Formation of the State Highway Commission

The State Highway Commission was created by the 76th Legislature and charged with building a system of “connected main highways throughout the state.” Governor William T. Haines appointed the three original members, and the appointments were approved by the Council on July 19, 1913.

That there was a need for a highway system in 1913 becomes obvious when we look at early road maps of Maine. Since road construction prior to 1913 had been in the hands of each community, with the emphasis on local use, the sections of highway served local interests and were not built to connect with those of neighboring communities. They had a tendency instead to fade into dirt trails at town lines.

The new Commission began planning and surveying a state highway system immediately.

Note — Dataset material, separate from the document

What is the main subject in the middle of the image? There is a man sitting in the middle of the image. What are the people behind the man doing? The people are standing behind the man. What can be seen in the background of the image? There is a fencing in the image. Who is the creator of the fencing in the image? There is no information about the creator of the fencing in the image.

The highways of the state were divided into three general classes:

  • state highways
  • state-aid highways
  • third-class highways, known today as town ways

The second Commission report stated that, “The Commission has endeavored in the determining of the location of state highways to constantly bear in mind that that these routes shall serve the largest number of people possible, and at the same time develop the farming, manufacturing and summer resort resources of the state. The Commission further realizes that there are two distinct classes of interests to serve, namely: The local inhabitant and the interstate traveler…”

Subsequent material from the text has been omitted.